ROANOKE TIMES

                         Roanoke Times
                 Copyright (c) 1995, Landmark Communications, Inc.

DATE: THURSDAY, May 26, 1994                   TAG: 9405260093
SECTION: VIRGINIA                    PAGE: C1   EDITION: METRO 
SOURCE: GREG SCHNEIDER STAFF WRITER
DATELINE: RICHMOND                                LENGTH: Medium


COLEMAN TOLD: GIVE UP OR ELSE

The head of the state Republican Party threatened Wednesday to excommunicate former Attorney General Marshall Coleman if Coleman doesn't renounce a bid to get on the ballot this fall as an independent candidate for the U.S. Senate.

``I am asking Marshall Coleman to state publicly that he has disavowed an independent candidacy and requested that no further efforts be made by others to formalize his candidacy,'' Patrick McSweeney, party chairman, said in a news release.

Coleman did not return a phone call, but Dan Clemente, the Northern Virginia businessman orchestrating the drive to get Coleman on the ballot, said the effort would continue.

``It's not going to deter me at all,'' said Clemente, who predicted that Coleman will have more than the 15,000 signatures needed to get on the ballot as an independent before the party convenes June 4 to pick a nominee.

Clemente cautioned that he does not speak for Coleman but pointed out that he has left his telephone answering machine on for weeks now in case the former attorney general calls to discourage the petition drive. ``I haven't gotten any calls,'' Clemente said.

McSweeney pointed out that Coleman is registered as a delegate to the convention, and that delegates will be required to sign a pledge to support whatever candidate the party nominates.

``There can't be a more explicit failure to support the nominee than running against [him],'' McSweeney said. ``By definition, [Coleman] would no longer be a Republican.''

McSweeney said he would welcome an effort to nominate Coleman at the convention, but if the effort failed, Coleman would have to pledge not to challenge the nominee. Iran-Contra figure Oliver North and former Reagan administration budget director Jim Miller are the contenders.
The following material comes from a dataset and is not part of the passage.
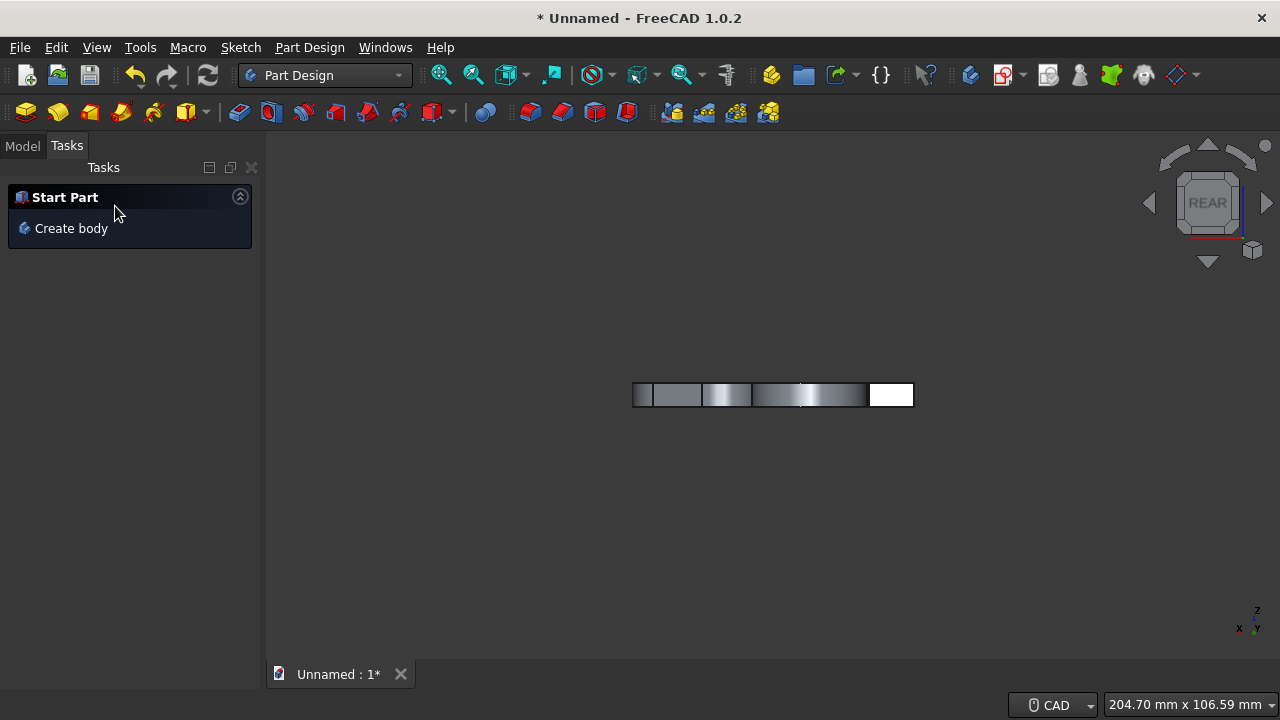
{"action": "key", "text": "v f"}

``Legally, I don't know what we could do to keep him off the ballot,'' said McSweeney, a lawyer. ``Probably nothing ... But if you lose, you subordinate your own values and own preferences in the interest of the party ... If you don't do that, it's just every man for himself.''

Coleman has carried the torch for the GOP for years. He served as attorney general from 1978 to 1982 and was the party's nominee for governor in 1981 and 1989.